Count the lines in the records beneath this task that contain the string "stato", then give the count by itself.
§
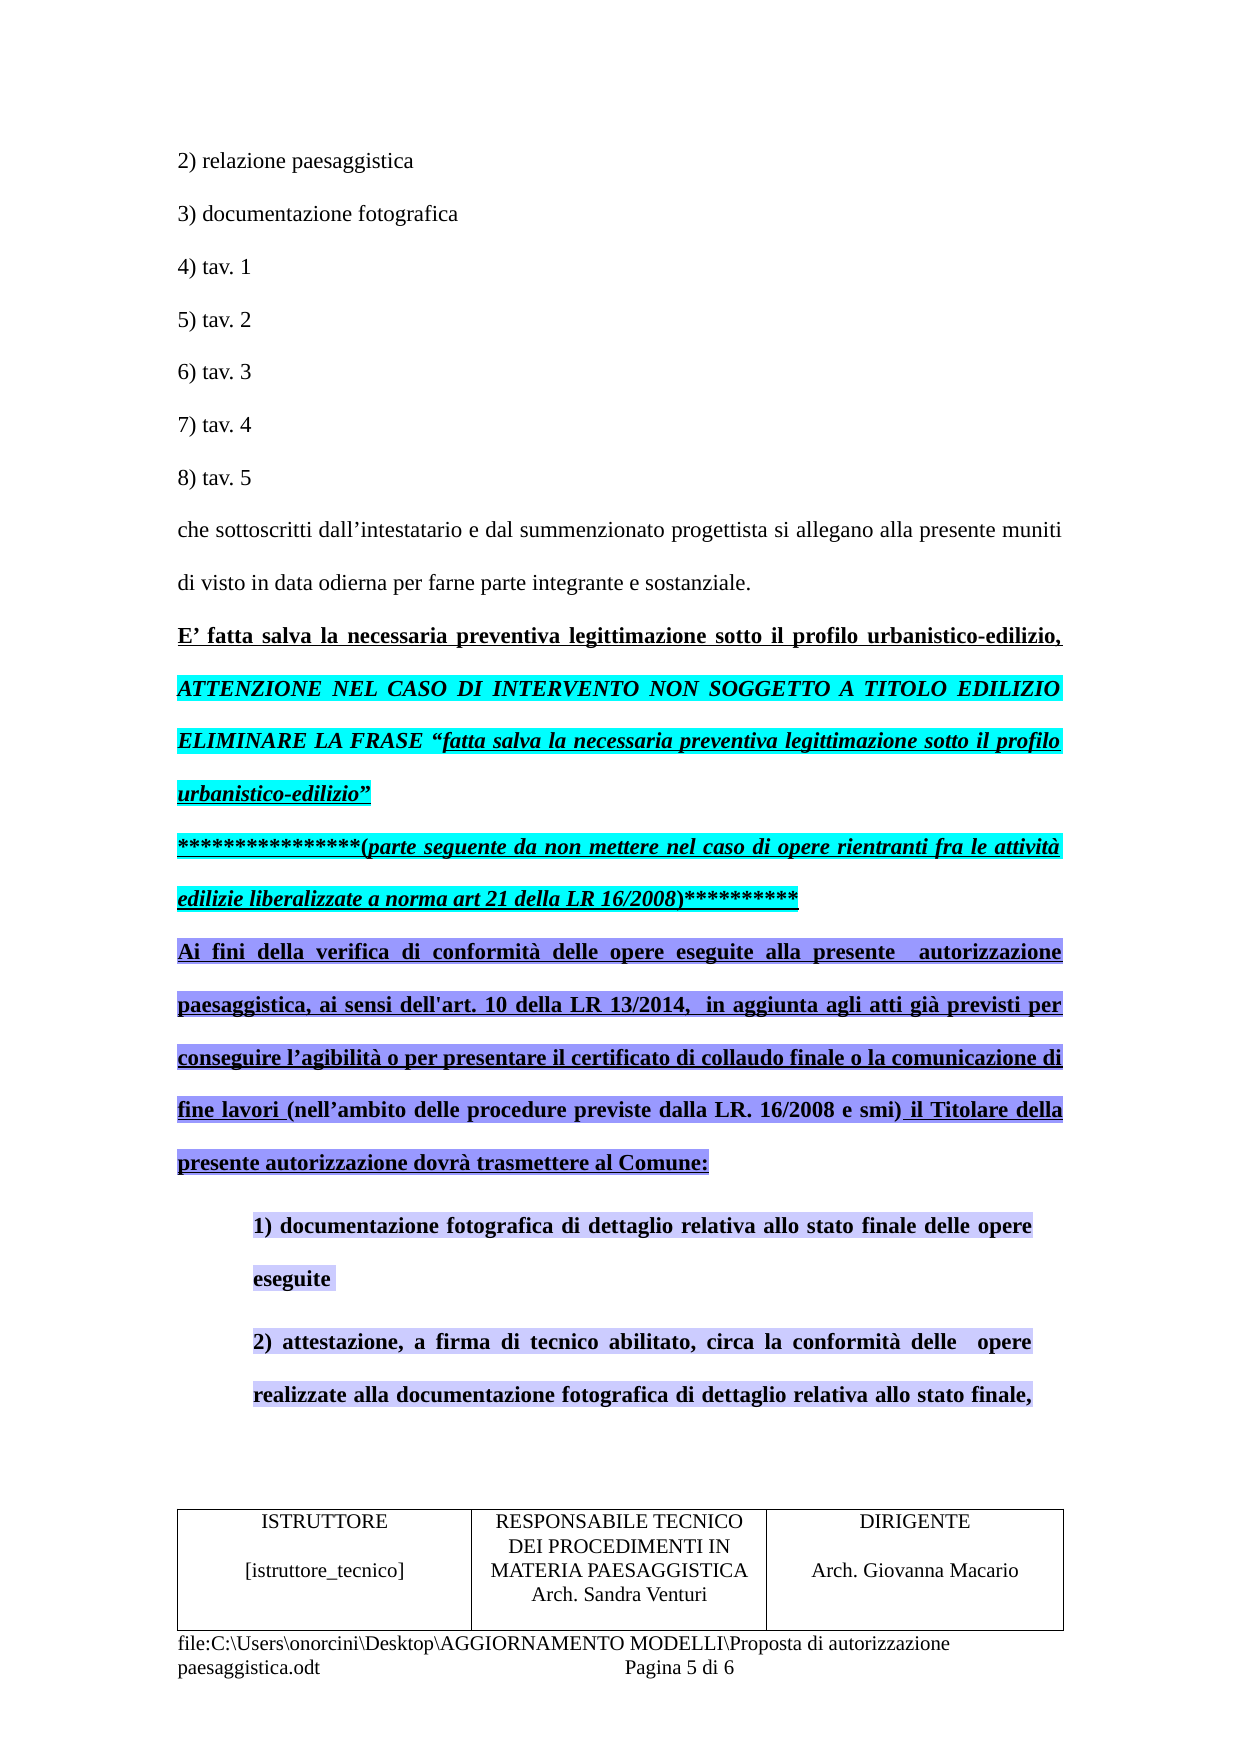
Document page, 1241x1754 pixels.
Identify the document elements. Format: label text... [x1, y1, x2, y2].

text Ai fini della verifica di conformità delle opere eseguite alla presente autorizzazione [177, 938, 1063, 961]
text ATTENZIONE NEL CASO DI INTERVENTO NON SOGGETTO A TITOLO EDILIZIO ELIMINARE LA FRASE “fatta salva la necessaria preventiva legittimazione sotto il profilo urbanistico-edilizio” [177, 646, 1063, 806]
text 2) relazione paesaggistica [177, 148, 1063, 174]
text 7) tav. 4 [177, 411, 1063, 437]
text ****************(parte seguente da non mettere nel caso di opere rientranti fra le attività edilizie liberalizzate a norma art 21 della LR 16/2008)********** [177, 833, 1063, 912]
text 8) tav. 5 [177, 464, 1063, 490]
text 6) tav. 3 [177, 358, 1063, 385]
text 3) documentazione fotografica [177, 200, 1063, 227]
text conseguire l’agibilità o per presentare il certificato di collaudo finale o la comunicazione di [177, 1015, 1063, 1066]
text fine lavori (nell’ambito delle procedure previste dalla LR. 16/2008 e smi) il Titolare della presente autorizzazione dovrà trasmettere al Comune: [177, 1067, 1063, 1175]
list 1) documentazione fotografica di dettaglio relativa allo stato finale delle opere eseguite [253, 1212, 1033, 1291]
text 4) tav. 1 [177, 253, 1063, 279]
list 2) attestazione, a firma di tecnico abilitato, circa la conformità delle opere realizzate alla documentazione fotografica di dettaglio relativa allo stato finale, [253, 1328, 1033, 1407]
text 5) tav. 2 [177, 306, 1063, 332]
text paesaggistica, ai sensi dell'art. 10 della LR 13/2014, in aggiunta agli atti già previsti per [177, 962, 1063, 1014]
text E’ fatta salva la necessaria preventiva legittimazione sotto il profilo urbanistico-edilizio, [177, 622, 1063, 645]
text che sottoscritti dall’intestatario e dal summenzionato progettista si allegano alla presente muniti di visto in data odierna per farne parte integrante e sostanziale. [177, 517, 1063, 596]
§
> Reply to the task
2